As revealed in Amplify’s last issue, the funds industry is now awash not just with new launches but revamps too – more than 200 funds have adopted an ESG-adjacent title this year already. While there is no suggestion these funds are misleading investors, regulators in the UK, US and Europe are all poised to ramp up requirements when it comes to fund labelling.
‘Ultimately, this is about the end investor and private investors shouldn’t be surprised by holdings in a portfolio that carries the responsible and sustainable label,’ Round tells Amplify. Far from tut-tutting at ESG newbies, Round is wary of regulators imposing their particular interpretations.
‘Clearer labelling and taxonomy will help. But there is still an onus on the manager to properly explain the holdings in the fund, especially if they might seem unexpected. And labelling needs to be flexible enough to acknowledge different approaches.

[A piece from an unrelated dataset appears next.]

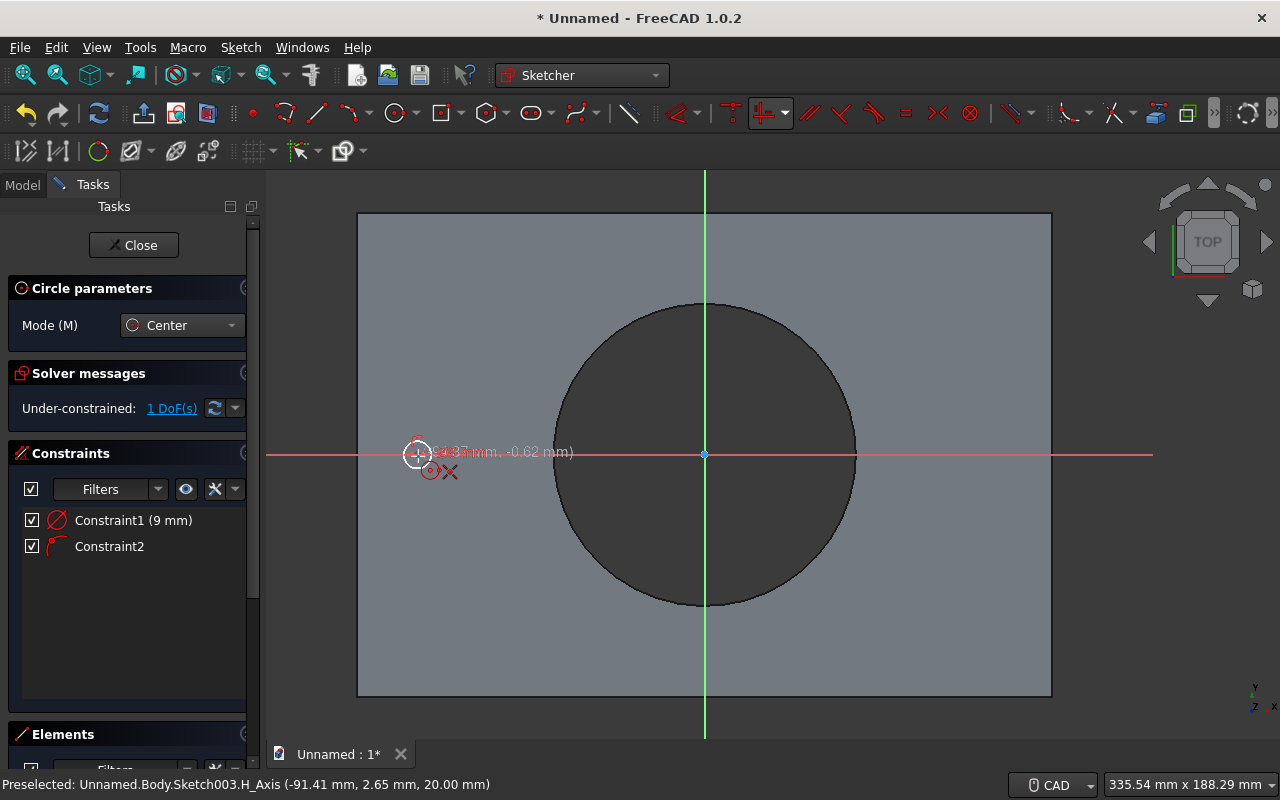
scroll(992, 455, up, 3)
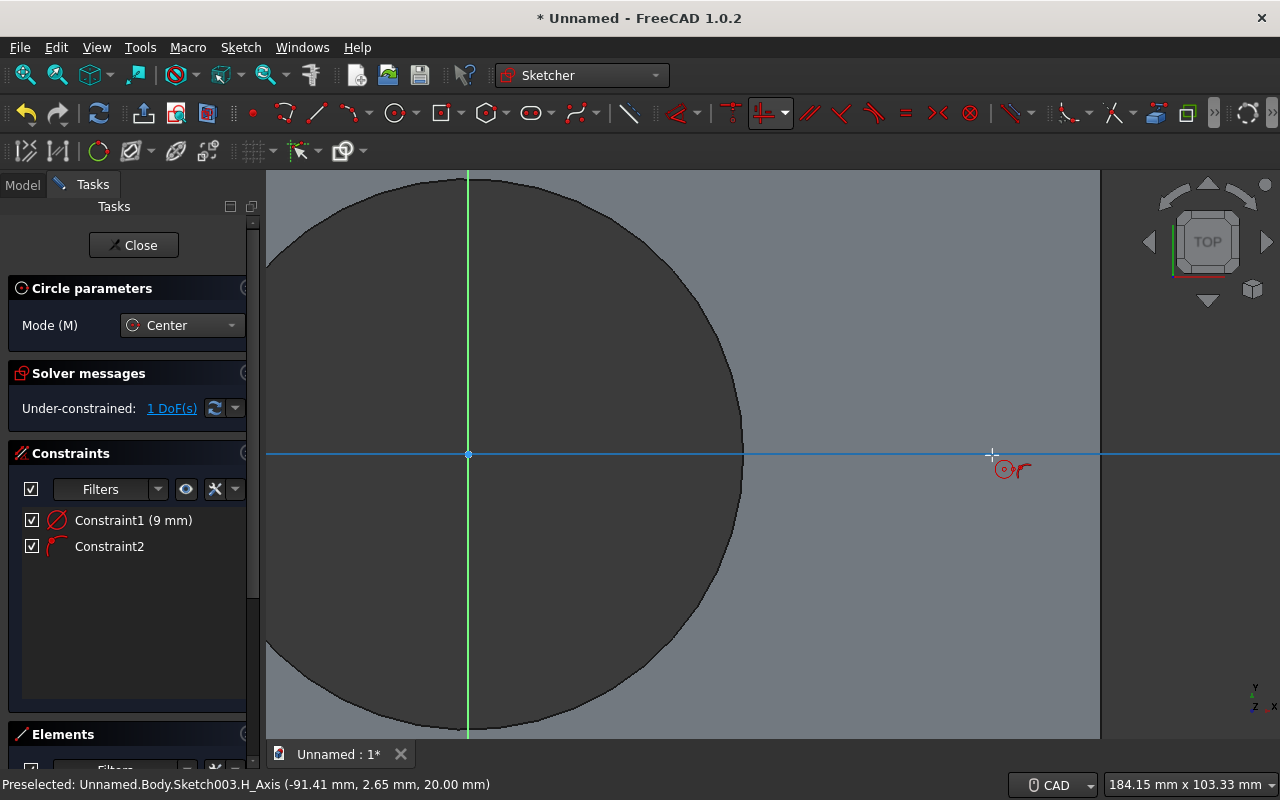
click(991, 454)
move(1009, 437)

Box-ticking is not the right path. There needs to be a space for different approaches that are clearly explained to end investors.’
Amplify also asked Round what she made of a global economic situation that is not just testing political commitments to green reforms, but for most of this year has been rewarding investment in ‘dirty’ sectors such as oil and gas.
‘High oil prices have been here before – during the Iraq conflict and the credit crisis – with different causes and lasting for different lengths of time,’ said Round. ‘I feel strongly that a responsible and sustainable approach to investing should not be impacted by what happens in the broader macro. If you take a long-term view, you don’t need to make knee-jerk reactions.’